Pregnancy Fitness and Nutrition

Pregnancy Fitness and Nutrition

During pregnancy it is important that you get the right nutrients and energy needed to keep you and your growing baby healthy. Physical activity is also just as important when you’re pregnant as at any other time of life. When it comes to your diet, plan balanced meals. They should contain protein, carbohydrates, fats, vitamins, and minerals. This is no time for fad or low-calorie dieting. In fact, as a general rule, you need to consume about 350-450 more calories per day your second and third trimesters than before you became pregnant. You need these extra calories and nutrients so your baby can grow normally.

Physical activity is just as important when you’re pregnant as at any other time of life. Discuss a fitness program with your doctor, including fitness videos or online programs.

If you haven’t been exercising regularly, your doctor may suggest a moderate walking or swimming regimen, prenatal yoga, or Pilates classes. Take it slowly during the first few workouts—even five to ten minutes a day is beneficial and a good place to start. Drink plenty of water while working out, and avoid activity with jumping or jarring movements. If you are already physically active, certainly maintain the level of activity you’re comfortable with, but also listen to your body, and be willing to slow down when you need to.

FAQs about Pregnancy Fitness and Nutrition

Q. How do I know the workouts are safe for me? How do I start the program? Is exercise safe during pregnancy?

A. It’s important to discuss exercise with your obstetrician or another member of your health care team before starting any new exercise program. In most cases, exercise is safe during pregnancy. You will usually find it is even recommended. Typically, if you were physically active before you were pregnant, it is likely safe to remain active during pregnancy. More than likely, your healthcare provider will tell you to remain active, as long as it is comfortable and there are no other health conditions suggesting otherwise.

Q. Why is nutrition during pregnancy important?

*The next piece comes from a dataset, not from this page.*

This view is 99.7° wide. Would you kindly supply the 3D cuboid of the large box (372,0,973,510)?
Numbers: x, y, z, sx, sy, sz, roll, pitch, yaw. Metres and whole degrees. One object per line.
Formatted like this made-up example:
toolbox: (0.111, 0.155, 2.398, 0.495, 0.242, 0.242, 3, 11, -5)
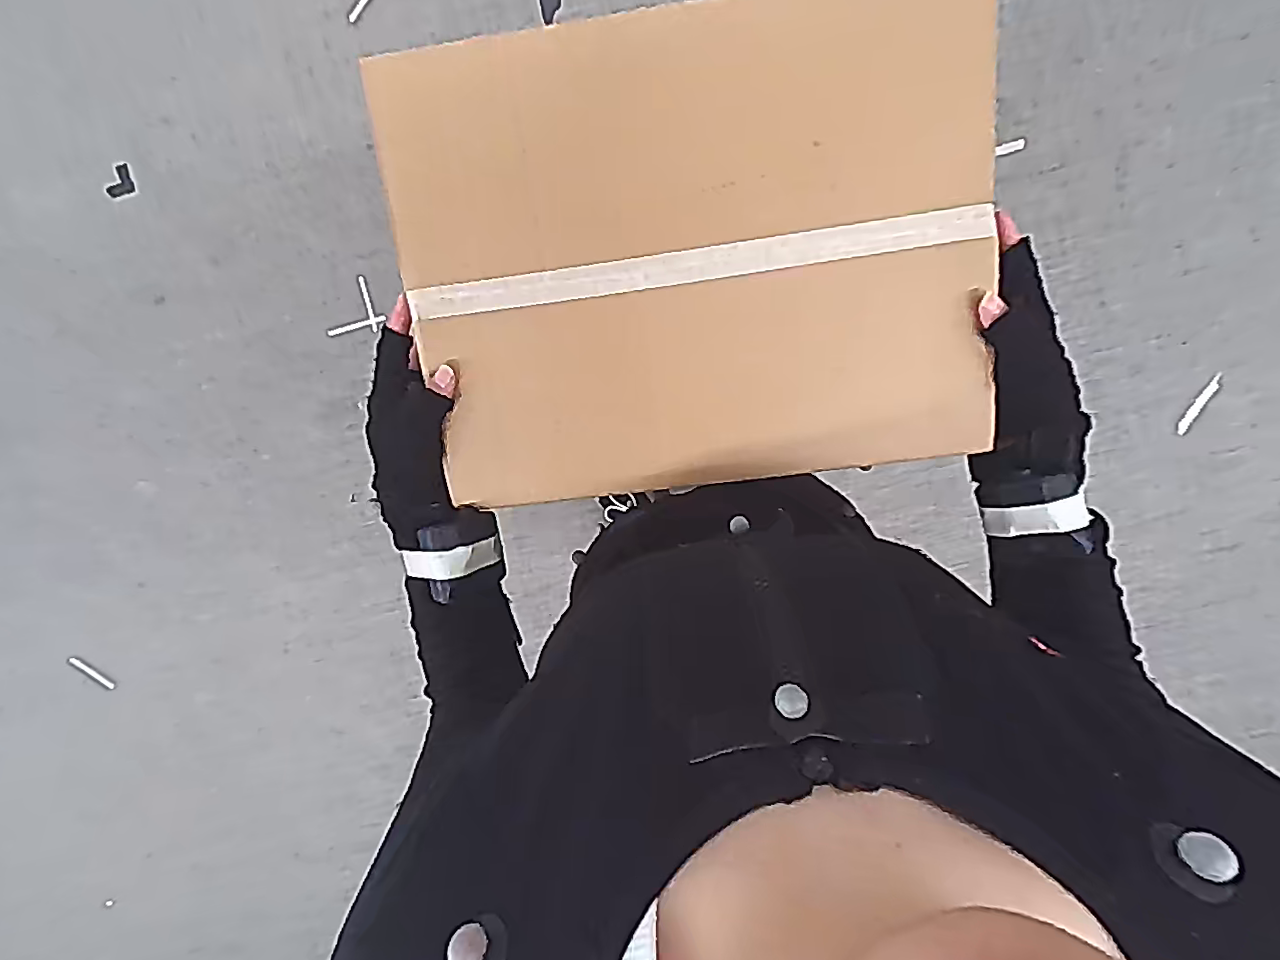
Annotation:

A. Eating well is one of the best things you can do during pregnancy. Good nutrition helps you handle the extra demands on your body as your pregnancy progresses. The goal is to balance getting enough nutrients to support the growth of your foetus and maintaining a healthy weight.

Q. What are the benefits of exercising during pregnancy?

A. Here are a few:

  • Helps reduce backaches, constipation, bloating, and swelling
  • Potential increases your energy levels
  • May boost your mood
  • May help prevent, or treat, gestational diabetes
  • Helps you sleep better
  • Promotes muscle tone, strength, and endurance
  • Regular activity also helps keep you fit during pregnancy and may improve your labor, delivery, and post-baby healing.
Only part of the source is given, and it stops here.